HP Inc. will retain HP’s existing logo, and current shareholders will own shares of both Hewlett-Packard Enterprise and HP Inc. once the split is completed. An important point to be noted in this matter is that this transaction would be tax-free for federal income tax purposes.

Future outlook from the financial standpoint

The company has reiterated that for the entire fiscal year it expects to record non-GAAP earnings between $3.70 and $3.74 per share, and for the upcoming 2015 fiscal is projecting non-GAAP earnings to be between $3.83 and $4.03 per share. The company has reaffirmed that none of the earnings outlook for the fiscal years includes any one-time charges that the company expects to incur from the separation of businesses.

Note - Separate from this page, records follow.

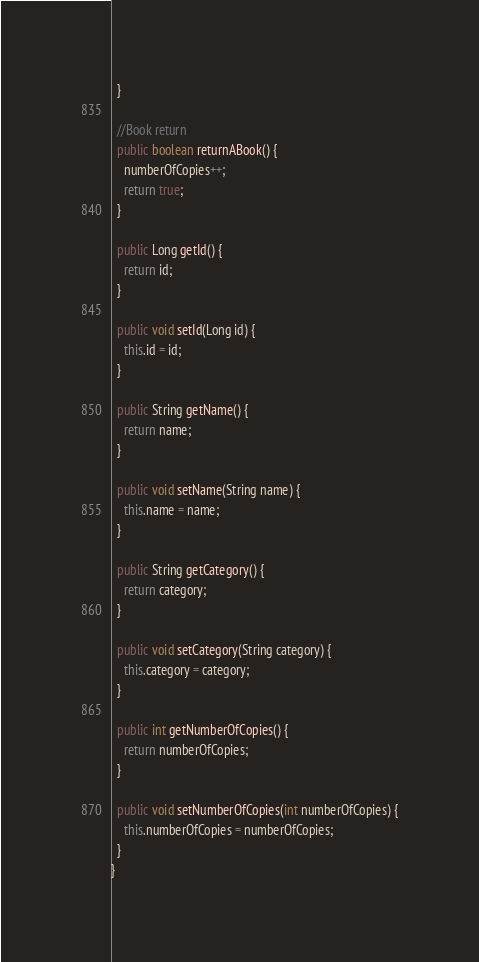Convert code to text. <code><loc_0><loc_0><loc_500><loc_500><_Java_>  }

  //Book return
  public boolean returnABook() {
    numberOfCopies++;
    return true;
  }

  public Long getId() {
    return id;
  }

  public void setId(Long id) {
    this.id = id;
  }

  public String getName() {
    return name;
  }

  public void setName(String name) {
    this.name = name;
  }

  public String getCategory() {
    return category;
  }

  public void setCategory(String category) {
    this.category = category;
  }

  public int getNumberOfCopies() {
    return numberOfCopies;
  }

  public void setNumberOfCopies(int numberOfCopies) {
    this.numberOfCopies = numberOfCopies;
  }
}
</code>

Soothing investors’ nerves

Investors might have been tense over whether they should still hold on to their investments after the announcement of this spilt flew in, but company officials have reassured that HP is not going to get delisted from any stock exchange. The split would mean owning shares of both the companies in a certain proportion which is yet to be disclosed to the investors. But surely, HP is still a good investment to hold on and the company promises to reward its investors on a continued basis even after the spilt which is slated to be completed by end of 2015.

Last word

Investors need not worry about the split and HP is slated to see better days – so the deal is promising for the company. Even the balance sheet strength will grow after the spilt is over, and we need to stay tuned to keep an eye on how the strategic split adds a new dimension to HP’s ultimate storyline.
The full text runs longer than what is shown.